後來,我偶然遇到與一位之前發生過關係的吸毒男人,聊天中我說自己確診患了艾滋病,結果他說自己也是,並且確診比我還早。我才明白,其實像他之種故意隱瞞患有艾滋病的人,在吸毒圈子應該還有不少。

無語的是,這位患艾滋病的吸毒男人正在與我之前認識的一位吸毒女友交往,她算是我們這個圈子裡的例外,只吸毒並不亂性。我知道情況後,勸她小心,不要與這個男人直接發生關係。誰知道,她後來還是感染了艾滋病,這大概是“真愛”吧!

在吸毒期間也交往過一個男朋友,吸毒聚會認識的,大我十幾歲,以前是個混混,剛從監獄出來沒多久,父母不怎麼管他。我們談不什麼感情,就是兩人相互看順眼,就在一起同居了。

男朋友知道我感染艾滋病之後,馬上去做了檢查,還好他沒有染上,但我們兩人的關係就此結束。其實跟男友在一起的日子裡,也經常揹著他與其他毒友發生關係,我猜他應該知道,只是沒有說出來,畢竟這種吸毒圈子裡的塑料愛情談什麼忠誠。

那次確診艾滋病、梅毒,與吸毒男友分手之後,我並沒有退出吸毒圈子,依然繼續“冰妹”生涯。或許在我心裡,認為這個圈子沒有幾個好人,是他們自己選擇毀滅,而不採取安全措施,所以也不存有什麼愧疚心理,畢竟自己也是一個受害者。

“冰妹”口述:吸毒、放蕩、艾滋病,我親手葬送了自己的一生

沒艾滋病之前,我經常擔心被抓送強戒,那次確診之後,我就再也不擔心被抓,因為我知道患有艾滋病的吸毒人員,戒毒所根本不會收,就算強行送過去,戒毒所也會直接拒收,所以每次被抓,我很快就能出來。

去年年初,我又一次被抓,與往常一樣,當天就放了。回到家後,不知道為什麼就突然不想過這種人不像人,鬼不像鬼的生活,覺得特別沒意思,或許是受夠了人們鄙視的眼神,我決定戒毒。

之後的半個月我沒有下樓,把自己關在家裡,一想到毒品把我一輩子都毀了,就無比痛恨它。之前的毒友還經常打電話來找我,雖然我跟他們說在戒毒,但沒有一個相信。沒辦法,我只能換了手機號,才慢慢斷了這個圈子。

我之前吸毒、後來確診艾滋病的事,家人都知道,但他們拿我沒有任何辦法。去年,我父親去世了,而奶奶年齡也大了,需要別人照顧,所以家裡就只剩下我一個,倒也挺好,省得擔心傳染艾滋病給親人。
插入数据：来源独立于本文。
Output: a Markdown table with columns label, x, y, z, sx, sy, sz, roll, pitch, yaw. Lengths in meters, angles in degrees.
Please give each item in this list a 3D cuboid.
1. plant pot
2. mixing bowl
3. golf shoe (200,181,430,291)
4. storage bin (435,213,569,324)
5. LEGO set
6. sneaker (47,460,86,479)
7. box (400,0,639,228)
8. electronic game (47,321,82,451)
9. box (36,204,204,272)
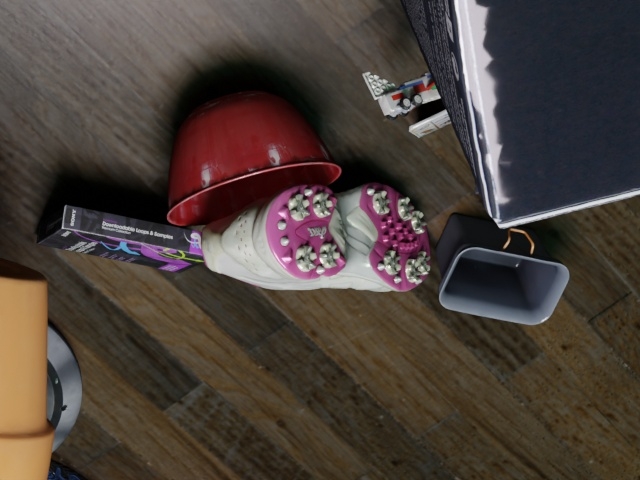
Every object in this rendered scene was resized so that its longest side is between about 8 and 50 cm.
| label | x | y | z | sx | sy | sz | roll | pitch | yaw |
| --- | --- | --- | --- | --- | --- | --- | --- | --- | --- |
| plant pot | -0.384 | 0.109 | 1.769 | 0.291 | 0.291 | 0.203 | 12 | 94 | -20 |
| mixing bowl | -0.078 | -0.090 | 1.854 | 0.181 | 0.098 | 0.181 | -15 | 170 | -3 |
| golf shoe | 0.000 | 0.000 | 1.924 | 0.140 | 0.115 | 0.306 | -10 | 168 | 35 |
| storage bin | 0.191 | 0.020 | 2.014 | 0.135 | 0.091 | 0.098 | 10 | 122 | -20 |
| LEGO set | 0.150 | -0.168 | 1.826 | 0.182 | 0.244 | 0.060 | -25 | 84 | 11 |
| sneaker | -0.284 | 0.328 | 2.139 | 0.081 | 0.080 | 0.211 | -40 | 122 | 12 |
| box | 0.301 | -0.304 | 1.571 | 0.480 | 0.472 | 0.297 | -14 | 125 | -2 |
| electronic game | -0.376 | 0.163 | 2.021 | 0.229 | 0.048 | 0.229 | -3 | 118 | -6 |
| box | -0.203 | 0.000 | 1.911 | 0.162 | 0.116 | 0.029 | 13 | 77 | -19 |
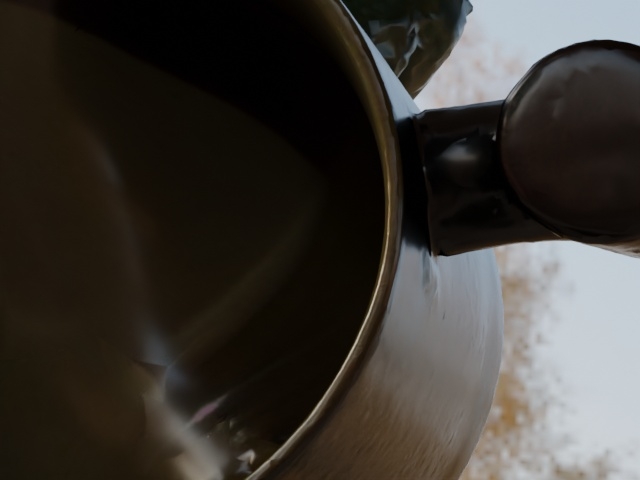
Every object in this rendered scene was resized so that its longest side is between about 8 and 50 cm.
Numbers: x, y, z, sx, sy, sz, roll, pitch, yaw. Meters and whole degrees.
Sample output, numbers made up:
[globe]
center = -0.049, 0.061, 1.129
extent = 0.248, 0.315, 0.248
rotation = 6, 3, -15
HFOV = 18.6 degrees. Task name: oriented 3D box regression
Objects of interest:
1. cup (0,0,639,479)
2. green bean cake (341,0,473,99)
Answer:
[cup]
center = -0.012, -0.012, 0.461
extent = 0.239, 0.166, 0.177
rotation = -32, -13, 1
[green bean cake]
center = -0.115, -0.140, 0.958
extent = 0.308, 0.300, 0.169
rotation = -30, -15, -46
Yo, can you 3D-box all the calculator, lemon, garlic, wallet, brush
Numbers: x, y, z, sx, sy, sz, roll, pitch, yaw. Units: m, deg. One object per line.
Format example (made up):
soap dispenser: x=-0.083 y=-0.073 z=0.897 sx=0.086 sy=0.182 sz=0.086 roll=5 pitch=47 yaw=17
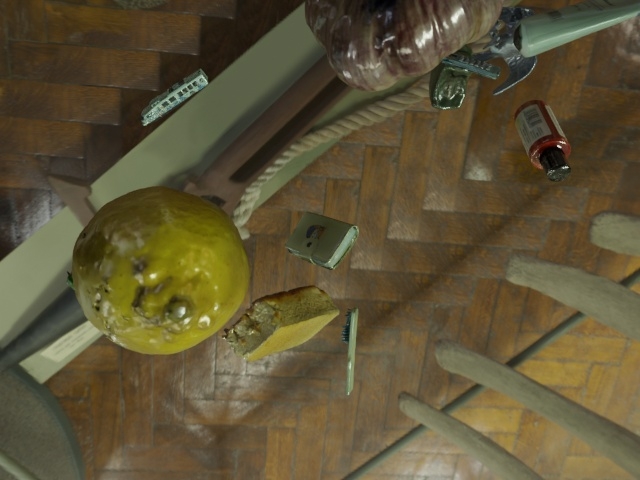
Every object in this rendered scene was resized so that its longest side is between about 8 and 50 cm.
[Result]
calculator: x=0.338 y=-0.418 z=1.178 sx=0.172 sy=0.057 sz=0.018 roll=22 pitch=133 yaw=12
lemon: x=-0.190 y=0.033 z=0.611 sx=0.204 sy=0.260 sz=0.204 roll=-7 pitch=110 yaw=-21
garlic: x=0.084 y=-0.292 z=0.558 sx=0.245 sy=0.244 sz=0.160 roll=-37 pitch=147 yaw=9
wallet: x=0.000 y=0.000 z=1.090 sx=0.039 sy=0.155 sz=0.110 roll=44 pitch=73 yaw=-40
brush: x=0.027 y=0.104 z=0.474 sx=0.013 sy=0.016 sz=0.083 roll=4 pitch=99 yaw=17

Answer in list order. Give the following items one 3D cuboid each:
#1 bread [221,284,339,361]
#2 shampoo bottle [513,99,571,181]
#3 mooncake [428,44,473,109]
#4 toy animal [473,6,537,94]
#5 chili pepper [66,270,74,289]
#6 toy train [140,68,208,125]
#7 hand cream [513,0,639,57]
bread: x=-0.096 y=0.211 z=1.309 sx=0.185 sy=0.275 sz=0.114 roll=-45 pitch=66 yaw=30
shampoo bottle: x=0.617 y=-0.270 z=1.379 sx=0.105 sy=0.278 sz=0.104 roll=1 pitch=137 yaw=1
mooncake: x=0.356 y=-0.445 z=1.365 sx=0.104 sy=0.175 sz=0.168 roll=11 pitch=87 yaw=3
toy animal: x=0.521 y=-0.522 z=1.344 sx=0.177 sy=0.255 sz=0.238 roll=6 pitch=86 yaw=-22
chili pepper: x=-0.301 y=0.067 z=0.677 sx=0.091 sy=0.034 sz=0.030 roll=32 pitch=81 yaw=-20
toy train: x=-0.378 y=-0.361 z=1.273 sx=0.208 sy=0.043 sz=0.047 roll=-30 pitch=133 yaw=11
hand cream: x=0.504 y=-0.408 z=0.879 sx=0.321 sy=0.109 sz=0.067 roll=-18 pitch=126 yaw=12
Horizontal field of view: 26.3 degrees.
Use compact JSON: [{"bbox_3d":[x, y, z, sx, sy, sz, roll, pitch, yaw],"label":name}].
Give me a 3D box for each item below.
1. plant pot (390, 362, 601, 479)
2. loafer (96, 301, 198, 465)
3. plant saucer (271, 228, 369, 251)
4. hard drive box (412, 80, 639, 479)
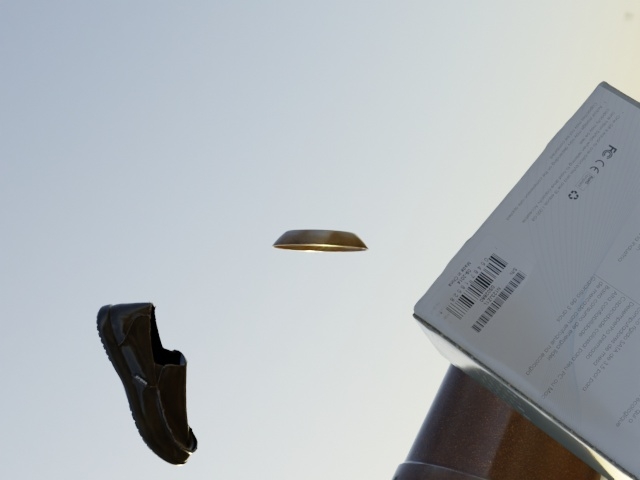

從去年四月到現在,我沒有吸過一口毒品,還找了一份正經的工作,過著非常平凡又普通的生活,感覺非常好。艾滋病目前是潛伏期,一直在吃藥,但隨時有可能發病,我不知道自己能活多久,但還是有想結婚生孩子的夢。

現在醫學這麼發達,艾滋病人也可以生下正常的孩子,我相信以後人類會戰勝艾滋病的,希望那時候我還活著。不管怎麼樣,毒品算是毀了我這一輩子,希望下輩子再也不要碰到這個惡魔。